Why Sponsor Oils? | blog | oilshell.org
I'm wary of using a fancy term to describe the method Veedrac and I used to find solutions to the enum-labeling problem, but I think it's accurate and potentially useful.
What does it mean? Bespoke means "custom-made" or "made-to-order" with respect to say clothing, but it's also descriptive of software. For example, in this interview and the book Coders at Work, Donald Knuth argues against reusable code and in favor of bespoke data structures and libraries:
I also must confess to a strong bias against the fashion for reusable code. To me, "re-editable code" is much, much better than an untouchable black box or toolkit.
He's referring to the practice of copying code and adapting it to fit the application.
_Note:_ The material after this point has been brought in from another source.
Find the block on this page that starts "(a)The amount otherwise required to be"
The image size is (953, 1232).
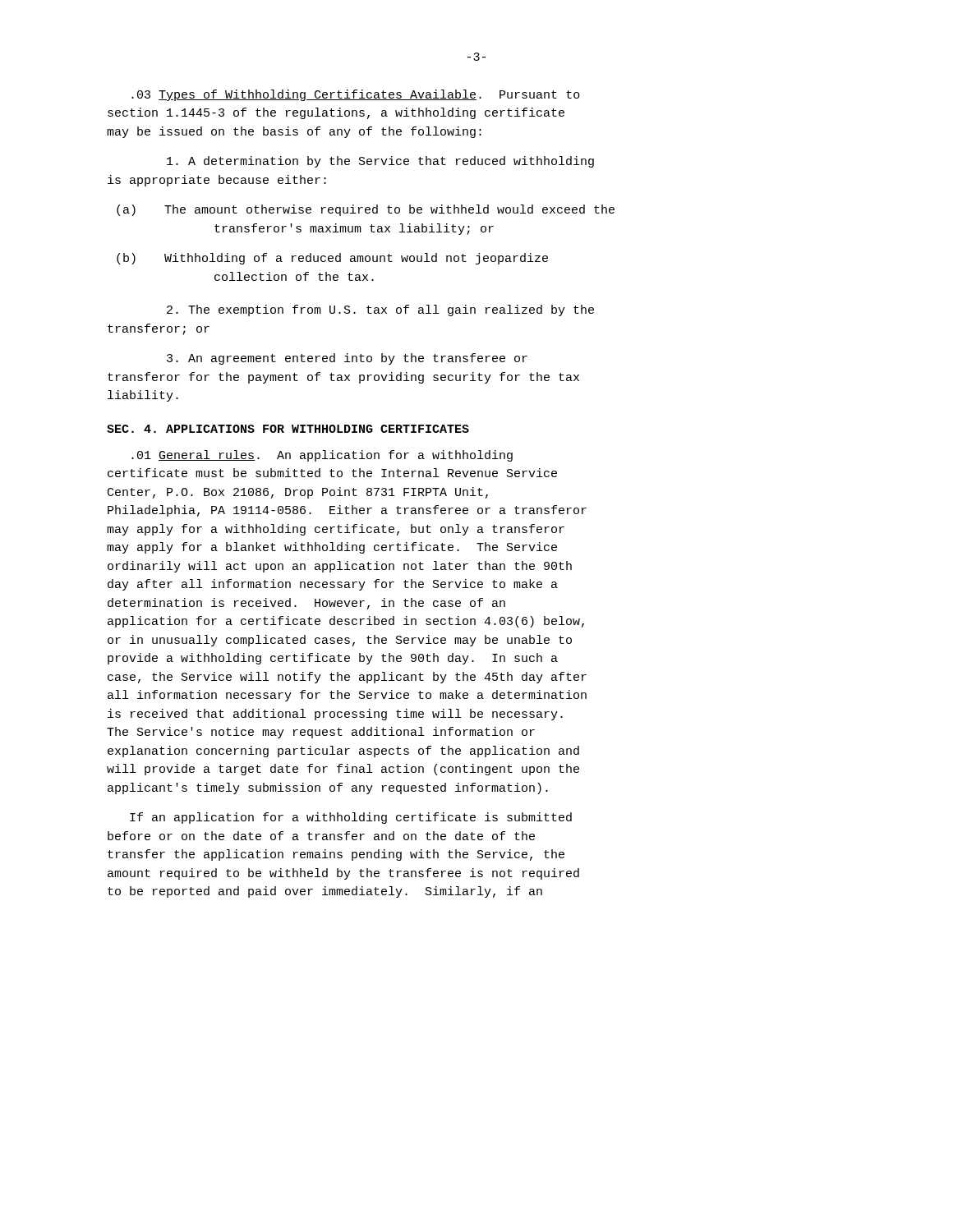[x=366, y=221]

In the same vein, bespoke code generators are useful and common, but "reusable" code generators like ANTLR or yacc haven't lived up to their promise. I'll return to this topic in the future, but for now here are examples:
Superoptimization is a technique for generating short code sequences using brute-force search. It has the property that the optimized code may use a different algorithm than the original. In our case, we turned a lookup table into an expression of bitwise operators.
So a bespoke superoptimizer is one written for a specific application, rather than one that's part of a compiler. Exploiting application-specific knowledge can make a problem more tractable.
As mentioned in the problem description, osh
now has 221 token
types, which broke my scheme of using 4 bits for the token Kind
and 4 bits
for the Id
.
I switched to an explicit lookup table, but in the back of my mind I suspected
there may be a fancy trick to "compress" it into a mathematical expression.
We just want to look up an enum Kind
value using an enum Id
value, and we
don't care about the concrete integer values.
This thread on bitwise operator tricks popped up on Reddit, and I thought it would be a good audience for my question. Veedrac quickly surprised me with two elegant solutions.
I was honestly puzzled by them, so I replicated his results. Here is the func_search.py program I used to do it. I've left it messy and slow so you don't have any illusions about how principled this process was.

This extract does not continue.